IL RUOLO DI CHI DIRIGE
«Non si tratta tanto della capacità del direttore di decidere — ribatte Ozawa — quanto di capire, grazie alla sua esperienza, come l’orchestra deve respirare. Ma lei sarebbe sorpreso se le dicessi quanti direttori non lo sanno fare». Così sostiene il grande musicista Ozawa Seiji nel suo dialogo con lo scrittore Murakami Haruki in «Assolutamente musica», Einaudi, Torino 2019 (pagine 67).
Dirigere, educare, curare, verbi che indicano azioni impegnative. Gli effetti dell’educazione sia a livello della relazione docenti– allievi, sia a livello di dirigenti-insegnanti mostra non poche difficoltà ovunque, anche se il recente rapporto «Ocse Pisa» ci dice che tali effetti sono meno gravi nella nostra regione.
Merce rara la sensibilità di chi dirige, dunque. Non si riflette mai abbastanza su come sia cambiato lo stile di chi ha potere nelle organizzazioni pubbliche e private. Pare che ci sia una reciprocità fra l’aumento esponenziale della precarietà del lavoro dei collaboratori e l’arroganza dei dirigenti. Ancora più strano è che questo sia maggiormente evidente nelle istituzioni pubbliche. I climi organizzativi sono rarefatti e la cura delle relazioni ha subìto un crollo, a partire da una situazione complessiva che certo rosea non era e non è mai stata. Dominava una volta un modo di dirigere che era basato sulle regole formali e sul comando, l’esecuzione e il controllo.
Il tutto si basava su una definita morale e un rituale stile nell’esercizio del ruolo. Non mancava una forma di sobrietà, seppur declinata in base alle culture locali. A un certo punto ha iniziato a insinuarsi il vento iperliberista e un rampantismo da copertina di riviste patinate di management. Le cose sono cambiate rapidamente e sia nella scuola, nelle università, negli uffici pubblici in generale, il ruolo di chi dirige si è indurito, irrigidito, e le forme di esercizio del potere sono diventate principalmente difensive.
Le relazioni lavorative si sono decisamente imbarbarite e quello che sembra essere principalmente in crisi è il rapporto con il compito primario delle istituzioni.
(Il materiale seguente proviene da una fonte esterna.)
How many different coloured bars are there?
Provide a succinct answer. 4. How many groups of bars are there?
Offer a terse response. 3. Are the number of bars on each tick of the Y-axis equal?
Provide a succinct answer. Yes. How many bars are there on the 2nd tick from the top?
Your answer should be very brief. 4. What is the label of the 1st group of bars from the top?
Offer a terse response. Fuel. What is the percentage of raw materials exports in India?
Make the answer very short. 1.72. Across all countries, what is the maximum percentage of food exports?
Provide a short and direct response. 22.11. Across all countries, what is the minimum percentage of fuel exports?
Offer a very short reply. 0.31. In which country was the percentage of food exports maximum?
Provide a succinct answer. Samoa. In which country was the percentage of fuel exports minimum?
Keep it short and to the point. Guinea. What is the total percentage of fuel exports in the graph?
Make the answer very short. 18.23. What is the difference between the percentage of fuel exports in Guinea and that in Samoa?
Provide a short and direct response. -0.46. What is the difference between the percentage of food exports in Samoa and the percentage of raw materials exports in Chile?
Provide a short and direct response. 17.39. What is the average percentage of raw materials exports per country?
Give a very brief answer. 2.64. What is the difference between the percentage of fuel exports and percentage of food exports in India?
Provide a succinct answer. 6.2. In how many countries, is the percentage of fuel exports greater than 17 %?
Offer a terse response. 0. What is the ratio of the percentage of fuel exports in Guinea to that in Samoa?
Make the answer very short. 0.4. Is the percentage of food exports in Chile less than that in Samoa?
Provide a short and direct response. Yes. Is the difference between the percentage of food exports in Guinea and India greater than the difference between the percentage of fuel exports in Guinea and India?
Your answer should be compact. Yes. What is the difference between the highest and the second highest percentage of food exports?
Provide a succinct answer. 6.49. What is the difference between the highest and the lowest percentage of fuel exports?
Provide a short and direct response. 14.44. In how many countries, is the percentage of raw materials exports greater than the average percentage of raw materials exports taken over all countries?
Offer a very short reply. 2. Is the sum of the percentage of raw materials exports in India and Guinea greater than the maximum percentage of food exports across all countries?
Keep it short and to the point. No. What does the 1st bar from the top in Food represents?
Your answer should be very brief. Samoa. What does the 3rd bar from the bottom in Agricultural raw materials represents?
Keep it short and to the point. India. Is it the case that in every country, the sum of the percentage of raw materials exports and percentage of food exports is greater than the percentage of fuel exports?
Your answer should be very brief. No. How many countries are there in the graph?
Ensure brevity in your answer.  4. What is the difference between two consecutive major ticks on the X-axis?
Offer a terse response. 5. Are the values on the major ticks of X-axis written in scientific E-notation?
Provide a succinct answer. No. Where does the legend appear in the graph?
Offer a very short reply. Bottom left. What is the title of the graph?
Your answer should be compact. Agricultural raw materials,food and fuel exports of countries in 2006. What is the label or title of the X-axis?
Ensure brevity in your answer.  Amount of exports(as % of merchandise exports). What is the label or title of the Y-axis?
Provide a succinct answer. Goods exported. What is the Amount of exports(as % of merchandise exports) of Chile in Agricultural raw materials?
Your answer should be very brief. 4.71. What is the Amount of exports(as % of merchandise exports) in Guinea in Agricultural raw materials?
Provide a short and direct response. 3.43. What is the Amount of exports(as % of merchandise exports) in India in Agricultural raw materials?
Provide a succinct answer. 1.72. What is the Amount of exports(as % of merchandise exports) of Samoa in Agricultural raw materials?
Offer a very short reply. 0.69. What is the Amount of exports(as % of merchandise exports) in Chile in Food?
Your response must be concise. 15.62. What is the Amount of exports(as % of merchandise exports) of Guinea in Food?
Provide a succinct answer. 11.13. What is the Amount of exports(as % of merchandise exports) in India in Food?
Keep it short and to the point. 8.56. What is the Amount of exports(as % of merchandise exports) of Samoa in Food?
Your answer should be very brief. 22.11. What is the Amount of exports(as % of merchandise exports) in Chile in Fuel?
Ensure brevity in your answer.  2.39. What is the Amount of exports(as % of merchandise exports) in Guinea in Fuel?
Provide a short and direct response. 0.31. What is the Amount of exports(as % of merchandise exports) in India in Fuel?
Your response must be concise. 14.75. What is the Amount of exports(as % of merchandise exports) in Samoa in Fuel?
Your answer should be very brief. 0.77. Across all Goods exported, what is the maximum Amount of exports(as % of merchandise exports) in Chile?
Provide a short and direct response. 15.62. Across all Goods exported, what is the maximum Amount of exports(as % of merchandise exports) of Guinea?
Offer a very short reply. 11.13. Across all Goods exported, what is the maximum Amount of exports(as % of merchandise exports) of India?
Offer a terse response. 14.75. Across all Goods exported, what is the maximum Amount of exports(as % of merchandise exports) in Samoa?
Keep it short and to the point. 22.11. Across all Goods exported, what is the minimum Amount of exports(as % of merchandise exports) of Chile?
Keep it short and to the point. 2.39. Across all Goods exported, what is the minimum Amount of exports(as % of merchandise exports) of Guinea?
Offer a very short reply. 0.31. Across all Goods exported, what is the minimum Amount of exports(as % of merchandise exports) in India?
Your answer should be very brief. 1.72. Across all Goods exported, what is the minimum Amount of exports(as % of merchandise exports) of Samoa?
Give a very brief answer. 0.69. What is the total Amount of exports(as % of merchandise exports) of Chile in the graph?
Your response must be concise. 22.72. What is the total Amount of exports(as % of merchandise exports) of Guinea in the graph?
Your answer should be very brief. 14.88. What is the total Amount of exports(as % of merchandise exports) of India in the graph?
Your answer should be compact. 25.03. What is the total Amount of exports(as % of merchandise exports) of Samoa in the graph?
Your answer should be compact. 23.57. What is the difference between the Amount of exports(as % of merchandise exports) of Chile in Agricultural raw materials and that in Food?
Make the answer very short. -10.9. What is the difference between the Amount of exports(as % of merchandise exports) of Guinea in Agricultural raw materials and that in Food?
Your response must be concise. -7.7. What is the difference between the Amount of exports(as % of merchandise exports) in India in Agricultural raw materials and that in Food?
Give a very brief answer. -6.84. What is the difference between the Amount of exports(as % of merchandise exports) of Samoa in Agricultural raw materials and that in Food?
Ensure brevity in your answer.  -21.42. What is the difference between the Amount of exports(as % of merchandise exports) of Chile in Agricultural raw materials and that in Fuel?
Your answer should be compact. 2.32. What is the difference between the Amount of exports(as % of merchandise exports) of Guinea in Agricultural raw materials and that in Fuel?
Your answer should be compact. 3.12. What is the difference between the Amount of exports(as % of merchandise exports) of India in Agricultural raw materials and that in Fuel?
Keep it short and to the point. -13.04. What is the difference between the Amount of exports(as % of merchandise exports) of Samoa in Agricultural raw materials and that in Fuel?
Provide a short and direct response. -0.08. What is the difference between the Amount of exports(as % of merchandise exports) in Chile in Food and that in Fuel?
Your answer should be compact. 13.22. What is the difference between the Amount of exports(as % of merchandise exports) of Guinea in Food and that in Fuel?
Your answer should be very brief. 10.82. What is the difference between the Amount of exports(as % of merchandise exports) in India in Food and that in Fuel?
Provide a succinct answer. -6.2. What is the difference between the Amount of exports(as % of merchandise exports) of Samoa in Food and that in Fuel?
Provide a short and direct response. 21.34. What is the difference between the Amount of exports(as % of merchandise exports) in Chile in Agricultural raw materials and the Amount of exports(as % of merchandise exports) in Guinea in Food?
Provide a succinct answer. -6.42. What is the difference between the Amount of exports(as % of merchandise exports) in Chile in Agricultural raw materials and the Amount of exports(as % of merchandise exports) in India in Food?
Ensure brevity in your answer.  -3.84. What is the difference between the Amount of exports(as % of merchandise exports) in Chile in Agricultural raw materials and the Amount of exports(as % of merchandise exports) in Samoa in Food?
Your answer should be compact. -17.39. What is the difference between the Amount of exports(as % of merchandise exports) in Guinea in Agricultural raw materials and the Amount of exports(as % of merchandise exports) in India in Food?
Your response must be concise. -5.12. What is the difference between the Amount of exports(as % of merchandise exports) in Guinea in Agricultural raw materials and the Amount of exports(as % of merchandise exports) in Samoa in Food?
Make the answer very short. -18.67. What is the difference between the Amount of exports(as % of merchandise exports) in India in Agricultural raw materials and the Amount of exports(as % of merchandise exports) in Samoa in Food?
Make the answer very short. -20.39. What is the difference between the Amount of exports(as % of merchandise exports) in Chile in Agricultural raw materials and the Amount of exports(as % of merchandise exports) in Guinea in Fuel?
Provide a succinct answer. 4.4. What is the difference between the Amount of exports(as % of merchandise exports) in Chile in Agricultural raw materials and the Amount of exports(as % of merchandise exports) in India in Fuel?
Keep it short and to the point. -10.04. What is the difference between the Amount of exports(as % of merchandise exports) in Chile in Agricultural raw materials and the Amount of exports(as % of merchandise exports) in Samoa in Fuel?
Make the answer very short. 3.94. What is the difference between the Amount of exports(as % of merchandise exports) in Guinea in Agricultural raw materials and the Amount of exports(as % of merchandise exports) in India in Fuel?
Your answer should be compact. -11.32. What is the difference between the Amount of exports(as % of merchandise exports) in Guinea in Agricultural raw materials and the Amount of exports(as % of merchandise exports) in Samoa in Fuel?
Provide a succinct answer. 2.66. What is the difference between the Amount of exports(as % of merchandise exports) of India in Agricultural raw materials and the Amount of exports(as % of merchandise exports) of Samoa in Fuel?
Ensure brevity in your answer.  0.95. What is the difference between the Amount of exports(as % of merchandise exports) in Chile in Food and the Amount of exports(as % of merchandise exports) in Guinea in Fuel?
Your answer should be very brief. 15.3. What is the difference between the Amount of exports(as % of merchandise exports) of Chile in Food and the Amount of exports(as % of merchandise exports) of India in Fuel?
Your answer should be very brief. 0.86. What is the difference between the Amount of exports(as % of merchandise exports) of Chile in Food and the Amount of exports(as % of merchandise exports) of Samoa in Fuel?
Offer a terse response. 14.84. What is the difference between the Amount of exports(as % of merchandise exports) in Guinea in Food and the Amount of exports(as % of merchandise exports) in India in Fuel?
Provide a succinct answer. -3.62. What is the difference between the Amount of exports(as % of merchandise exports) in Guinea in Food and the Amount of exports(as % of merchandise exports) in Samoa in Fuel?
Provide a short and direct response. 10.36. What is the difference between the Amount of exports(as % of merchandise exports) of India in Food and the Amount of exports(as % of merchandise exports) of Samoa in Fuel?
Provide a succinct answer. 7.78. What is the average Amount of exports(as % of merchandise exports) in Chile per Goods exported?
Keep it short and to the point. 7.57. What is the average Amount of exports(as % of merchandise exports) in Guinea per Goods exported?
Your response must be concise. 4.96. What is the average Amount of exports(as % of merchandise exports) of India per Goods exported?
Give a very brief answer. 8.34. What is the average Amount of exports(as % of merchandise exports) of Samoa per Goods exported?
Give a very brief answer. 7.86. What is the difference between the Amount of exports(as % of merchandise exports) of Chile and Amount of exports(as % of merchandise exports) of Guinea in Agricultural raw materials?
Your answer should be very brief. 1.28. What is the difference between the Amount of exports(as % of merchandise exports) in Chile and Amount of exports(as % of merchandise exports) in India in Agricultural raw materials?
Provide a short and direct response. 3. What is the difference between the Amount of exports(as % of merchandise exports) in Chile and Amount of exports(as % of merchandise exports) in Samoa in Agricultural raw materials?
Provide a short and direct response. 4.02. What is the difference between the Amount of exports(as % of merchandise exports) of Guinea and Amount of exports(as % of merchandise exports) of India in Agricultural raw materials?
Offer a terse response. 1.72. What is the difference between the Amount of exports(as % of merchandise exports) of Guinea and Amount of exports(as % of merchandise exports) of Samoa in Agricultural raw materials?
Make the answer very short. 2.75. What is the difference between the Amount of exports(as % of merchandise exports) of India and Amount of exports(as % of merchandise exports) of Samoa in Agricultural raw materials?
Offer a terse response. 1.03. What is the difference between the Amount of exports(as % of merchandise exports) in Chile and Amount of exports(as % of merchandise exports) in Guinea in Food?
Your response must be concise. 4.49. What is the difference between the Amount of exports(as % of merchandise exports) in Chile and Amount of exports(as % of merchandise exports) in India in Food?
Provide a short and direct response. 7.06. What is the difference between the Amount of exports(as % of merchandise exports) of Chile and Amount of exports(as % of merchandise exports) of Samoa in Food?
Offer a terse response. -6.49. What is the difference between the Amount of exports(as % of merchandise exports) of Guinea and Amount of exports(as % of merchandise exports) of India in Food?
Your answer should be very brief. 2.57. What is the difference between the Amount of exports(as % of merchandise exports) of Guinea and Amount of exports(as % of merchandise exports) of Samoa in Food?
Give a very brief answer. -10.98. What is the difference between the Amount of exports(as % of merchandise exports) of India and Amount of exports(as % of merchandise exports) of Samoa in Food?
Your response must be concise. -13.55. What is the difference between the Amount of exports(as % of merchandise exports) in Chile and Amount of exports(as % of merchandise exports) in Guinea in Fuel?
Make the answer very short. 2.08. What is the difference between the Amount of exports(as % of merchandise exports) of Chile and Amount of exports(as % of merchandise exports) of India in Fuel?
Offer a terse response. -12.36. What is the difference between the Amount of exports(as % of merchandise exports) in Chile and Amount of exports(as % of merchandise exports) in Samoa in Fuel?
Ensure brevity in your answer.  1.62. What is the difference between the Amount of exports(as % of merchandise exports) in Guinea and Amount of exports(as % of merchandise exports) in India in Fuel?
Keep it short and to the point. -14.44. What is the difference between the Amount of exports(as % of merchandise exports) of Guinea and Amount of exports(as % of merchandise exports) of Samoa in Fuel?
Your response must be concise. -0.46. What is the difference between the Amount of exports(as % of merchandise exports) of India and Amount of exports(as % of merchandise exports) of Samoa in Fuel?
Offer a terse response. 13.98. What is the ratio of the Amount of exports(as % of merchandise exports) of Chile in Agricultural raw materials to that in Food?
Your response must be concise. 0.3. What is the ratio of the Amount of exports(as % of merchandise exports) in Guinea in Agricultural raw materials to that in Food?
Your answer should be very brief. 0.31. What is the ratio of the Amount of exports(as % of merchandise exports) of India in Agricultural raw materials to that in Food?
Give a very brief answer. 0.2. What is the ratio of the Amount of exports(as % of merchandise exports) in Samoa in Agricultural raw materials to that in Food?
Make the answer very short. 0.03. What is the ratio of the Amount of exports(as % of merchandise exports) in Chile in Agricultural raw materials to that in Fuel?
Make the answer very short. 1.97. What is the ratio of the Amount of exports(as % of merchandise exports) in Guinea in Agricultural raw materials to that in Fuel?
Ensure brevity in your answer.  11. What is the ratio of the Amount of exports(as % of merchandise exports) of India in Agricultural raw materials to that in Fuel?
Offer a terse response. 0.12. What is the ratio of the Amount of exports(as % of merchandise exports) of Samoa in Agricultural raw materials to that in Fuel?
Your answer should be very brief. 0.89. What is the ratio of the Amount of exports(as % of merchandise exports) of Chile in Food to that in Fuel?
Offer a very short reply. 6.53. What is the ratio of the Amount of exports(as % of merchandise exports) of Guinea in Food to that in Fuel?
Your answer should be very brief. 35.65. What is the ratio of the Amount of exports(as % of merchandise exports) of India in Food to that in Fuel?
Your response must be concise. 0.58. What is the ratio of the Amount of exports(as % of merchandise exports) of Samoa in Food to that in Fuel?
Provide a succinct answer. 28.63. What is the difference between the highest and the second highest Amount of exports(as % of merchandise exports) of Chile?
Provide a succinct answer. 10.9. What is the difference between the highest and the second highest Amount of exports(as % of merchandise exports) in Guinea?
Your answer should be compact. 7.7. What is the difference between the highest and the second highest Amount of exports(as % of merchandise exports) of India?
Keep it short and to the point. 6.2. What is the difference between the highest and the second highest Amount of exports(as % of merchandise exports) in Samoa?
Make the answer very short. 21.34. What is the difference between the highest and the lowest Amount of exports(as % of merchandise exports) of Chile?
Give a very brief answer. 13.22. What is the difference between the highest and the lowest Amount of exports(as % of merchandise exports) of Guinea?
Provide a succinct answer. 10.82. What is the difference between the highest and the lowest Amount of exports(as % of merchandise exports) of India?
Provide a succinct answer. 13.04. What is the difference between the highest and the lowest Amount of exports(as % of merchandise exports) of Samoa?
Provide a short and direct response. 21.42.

È come se lo scopo principale per cui un’istituzione esiste fosse sistematicamente subordinato alla logica burocratica e al funzionamento fine a se stesso, ma non alla realizzazione dell’obiettivo per cui è stata creata. Un esempio viene dalla scuola, ma vale per buona parte della pubblica amministrazione.
In base al richiamato rapporto «Ocse Pisa», gli studenti di quindici anni (vale pure per quelli del Trentino Alto Adige) hanno competenze scientifiche e di lettura inferiori a quelle che avevano i loro coetanei dieci anni fa. Non capiscono quello che leggono, e per quanto riguarda le conoscenze scientifiche si collocano tra il ventinovesimo e il trentesimo posto nella classifica Ocse. È vero che le ragazze e i ragazzi del Nordest hanno un punteggio maggiore di quelli del Nordovest e sud Italia, ma solo il cinque per cento degli italiani raggiunge il livello due, che è quello che consente di comprendere un testo o un problema e di ricavarne supporti e basi per scelte e decisioni. I migliori livelli di simili posizioni sono cinque e sei. Tra chi dirige e chi insegna e tra chi insegna e chi apprende, varrebbe la pena che ci si muovesse con un obiettivo ben definito, avendo presente come respirano quelli per cui lavoriamo.